Taurus recently released the G3XL 9mm pistol along with the G3X at SHOT this year. Both guns are variations on Taurus’s successful G3 full-size pistol. The G3X combines a slide length of the G3c (with its 3.2-inch barrel) with the larger frame of the G3. The G3XL reverses that. Sort of.

The G3XL puts the longer slide of the G3 (4.0-inch barrel) on the smaller G3c compact frame. The idea is to give you a longer sight radius and better ballistic performance of a longer barrel with smaller, more concealable frame.

Despite some earlier mixed experiences with Taurus I decided to give the new gun a try. Retailing under $300 and offering a versatile size combination I figured, why not.

Previous Issues

We’ll get this part out of the way since I know the comment section is likely already lighting up with folks who are here to hate on Taurus without actually reading. Years ago while I was instructing a student who brought in a then-new Taurus G2C, I was impressed with the overall design and inclusion of details such as “memory points” on the frame that other makers didn’t have on their similar guns.

I bought one and it lasted less than 200 rounds before the recoil spring skipped a coil and seized the slide half way in its travel. Taurus’s customer service at the time wanted me to pay for overnight shipping — to and from — for them to look at it. From Oregon that would have cost me about half of what I had paid for the gun.

The New Taurus

In 2020 Taurus hired a new CEO, Bret Vorhees, who came over from Walther Arms. One of the first things he did was to send a letter to everyone who had ever registered with Taurus publicly apologizing for the Taurus of the past and promising to improve things like…customer service. When the GX4 came out I figured I’ve give it a try.

Taurus G3XL 9mm pistol gun review compact full-size

My early-production model had an issue with chamber fitment. I contacted Taurus and they promptly replaced the barrel, free of charge. That little GX4 remains my favorite of the micro-compacts. Thanks to the power of YouTube I’ve heard from others who had similar issues with their early guns, as well as many who have not. It seems like there really is a new Taurus.

G3XL?

Again, the new G3XL appears to be a G3 slide on a G3C frame. That’s the way to think of the G3XL and it’s mostly correct, but there are some minor tweaks (see video).

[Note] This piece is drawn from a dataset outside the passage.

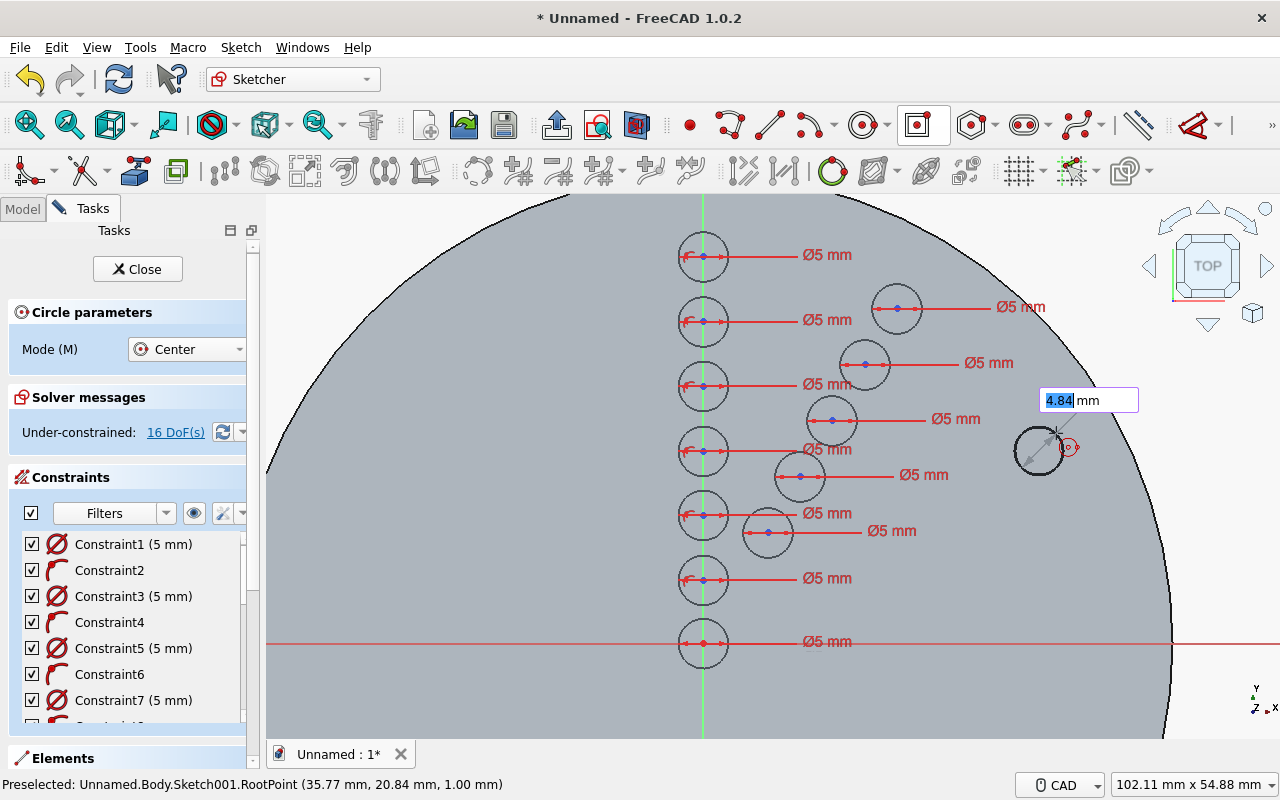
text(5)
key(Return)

What makes this size combination attractive? You get that longer 4″ barrel that most defensive loads are formulated to perform best from (yes, there are now some specialty loads for barrels under 4″) and puts it on a sub-compact grip that makes the pistol easier to conceal.

Taurus G3XL 9mm pistol gun review compact full-size
One minor update to the G3XL (bottom) over the G3 (top) is the use of a standard dovetail rear sight.

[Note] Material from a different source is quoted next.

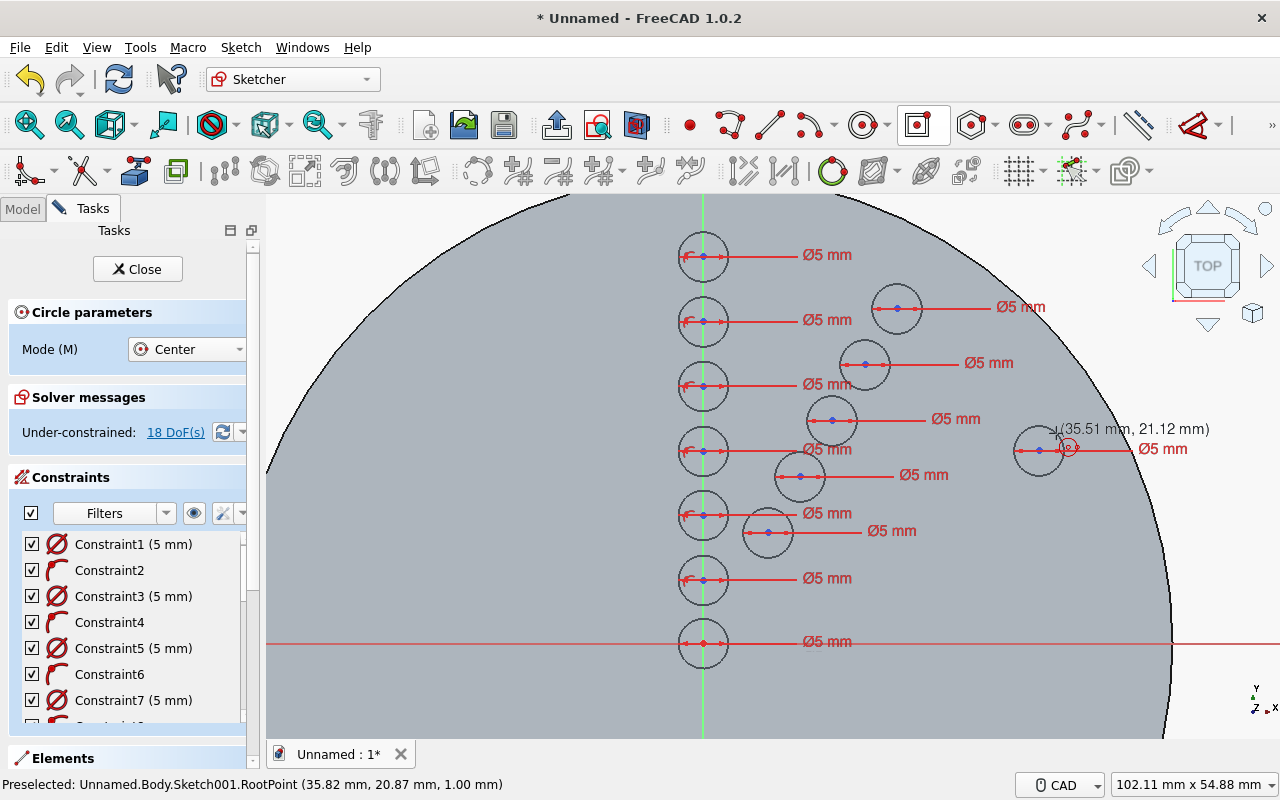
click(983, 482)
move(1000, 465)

In fact, despite the sub-compact grip I can still get my size XXL glove hands completely on the gun. That makes the pistol is large enough for serious range use and small enough to carry and conceal easily.

Considering the Taurus price tag tends to appeal to first-time buyers and those on a budget, the G3XL’s feature set seems ideal for a general-purpose pistol.

As you saw in the video, it first appeared as if I was going to experience another chamber fitment issue with the G3XL. Wary of that, I hit the range for my standard battery of “get to know the gun” tests.

Taurus G3XL 9mm pistol gun review compact full-size
The G3XL (right) uses the same slide length as the G3 (left) but with a shorter, more concealable grip.

I brought the camera along to film my cold-shot impressions, a full magazine+1 test, trademarked What’s For Dinner test consisting of ten different loads, some trigger control testing, and practical accuracy before coming to an initial conclusion.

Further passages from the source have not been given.